--- Work order ---
Find the line holding "Answer: v5.0 How" in the entries below. Give it again exactly, along with every line after it up to and including the line holding "Answer: 1.38M".

Segment Start: Supplied information

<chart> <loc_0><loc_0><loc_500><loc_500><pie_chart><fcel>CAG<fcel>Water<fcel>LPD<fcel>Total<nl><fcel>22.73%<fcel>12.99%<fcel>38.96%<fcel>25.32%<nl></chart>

Segment End: Supplied information
Segment Start: Supplied information

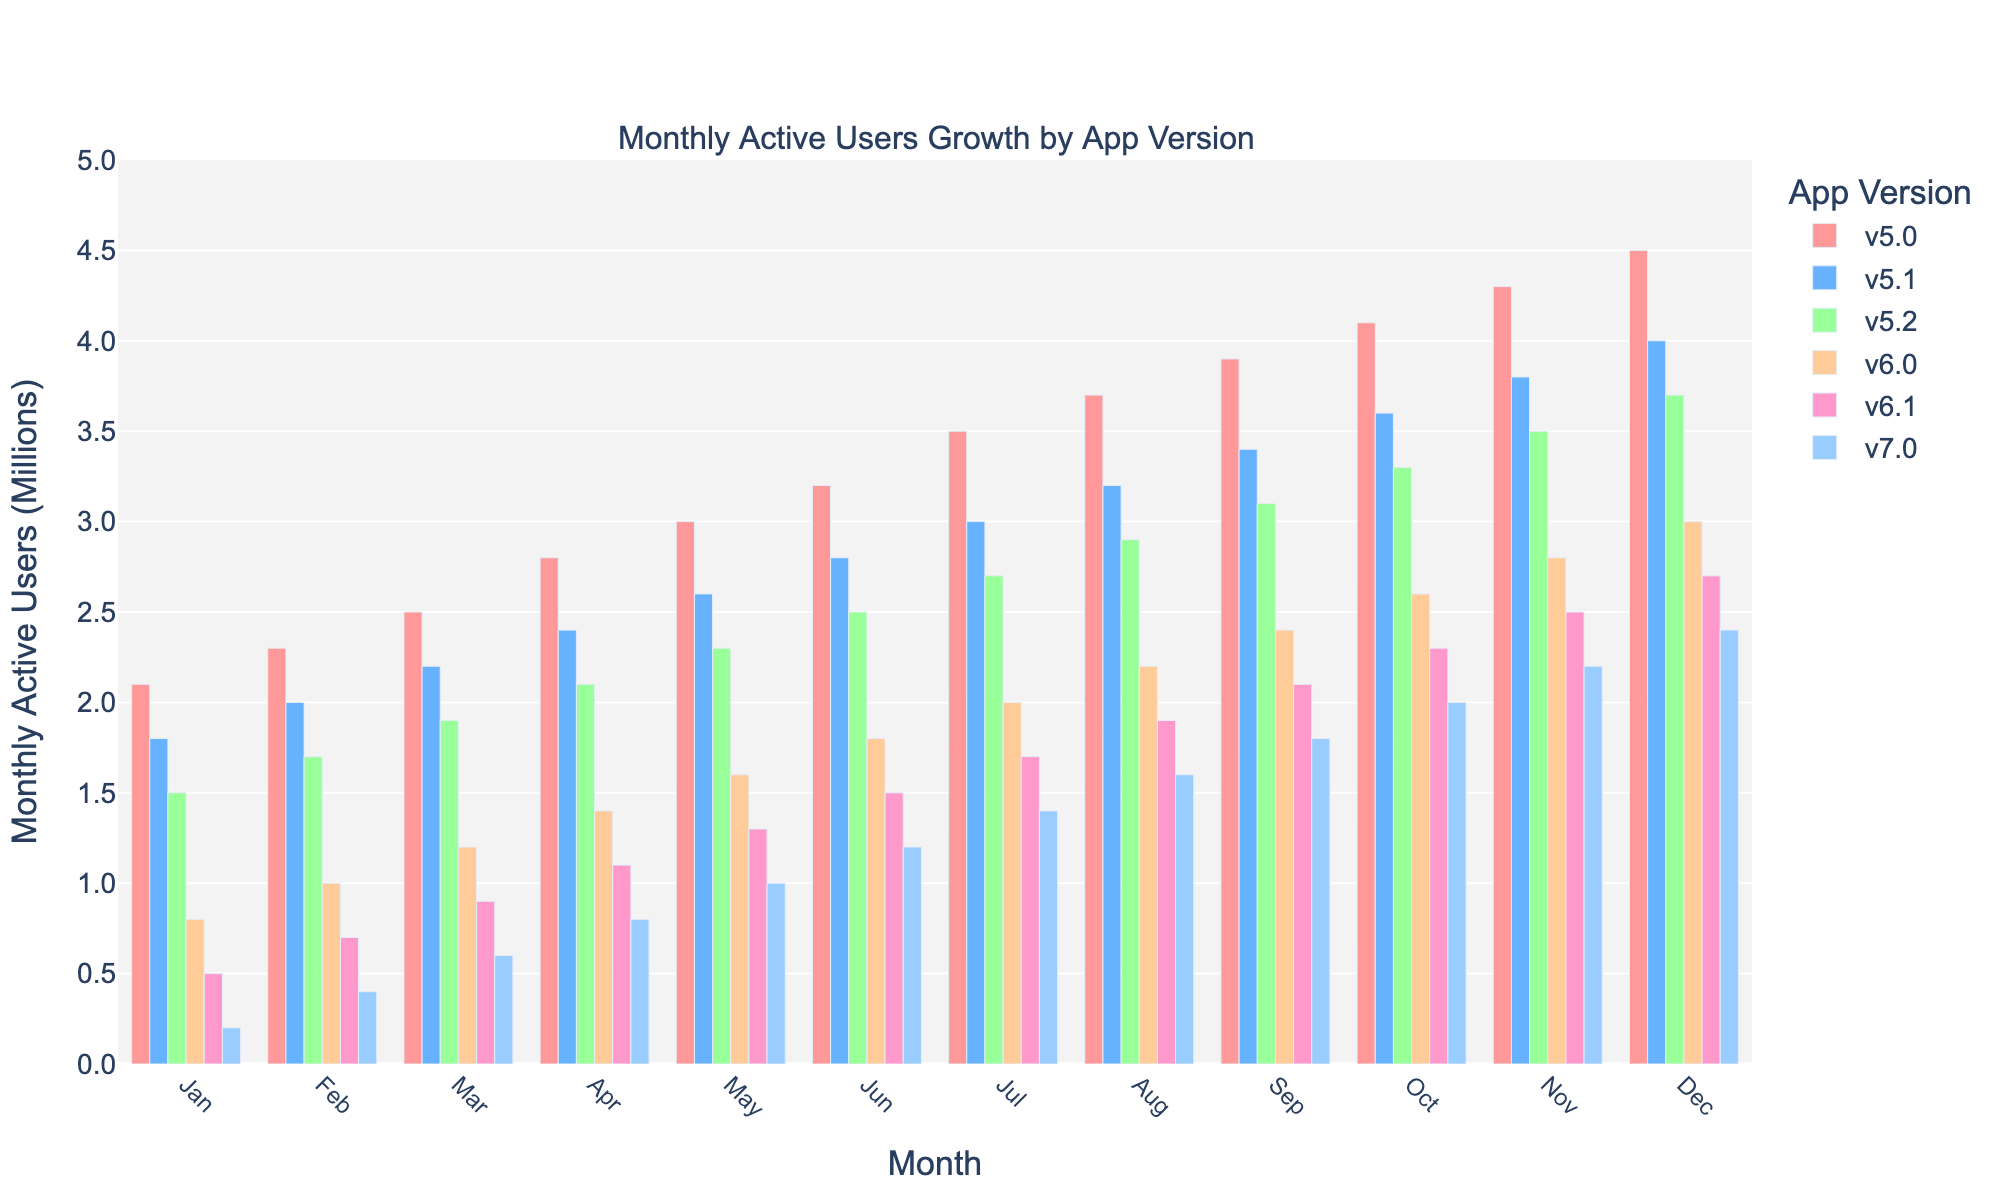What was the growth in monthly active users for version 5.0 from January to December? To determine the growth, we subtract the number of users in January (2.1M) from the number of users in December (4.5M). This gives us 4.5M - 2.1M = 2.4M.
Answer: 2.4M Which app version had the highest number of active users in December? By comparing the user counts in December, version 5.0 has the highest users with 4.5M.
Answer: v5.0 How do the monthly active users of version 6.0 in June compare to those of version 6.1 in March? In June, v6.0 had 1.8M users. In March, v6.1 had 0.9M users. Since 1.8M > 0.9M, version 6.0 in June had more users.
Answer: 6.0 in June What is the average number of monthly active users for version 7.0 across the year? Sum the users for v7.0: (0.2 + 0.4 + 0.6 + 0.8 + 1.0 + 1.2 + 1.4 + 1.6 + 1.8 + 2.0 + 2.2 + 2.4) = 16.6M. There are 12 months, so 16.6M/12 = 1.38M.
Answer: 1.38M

Segment End: Supplied information

--- Exercise output ---
Answer: v5.0 How do the monthly active users of version 6.0 in June compare to those of version 6.1 in March? In June, v6.0 had 1.8M users. In March, v6.1 had 0.9M users. Since 1.8M > 0.9M, version 6.0 in June had more users.
Answer: 6.0 in June What is the average number of monthly active users for version 7.0 across the year? Sum the users for v7.0: (0.2 + 0.4 + 0.6 + 0.8 + 1.0 + 1.2 + 1.4 + 1.6 + 1.8 + 2.0 + 2.2 + 2.4) = 16.6M. There are 12 months, so 16.6M/12 = 1.38M.
Answer: 1.38M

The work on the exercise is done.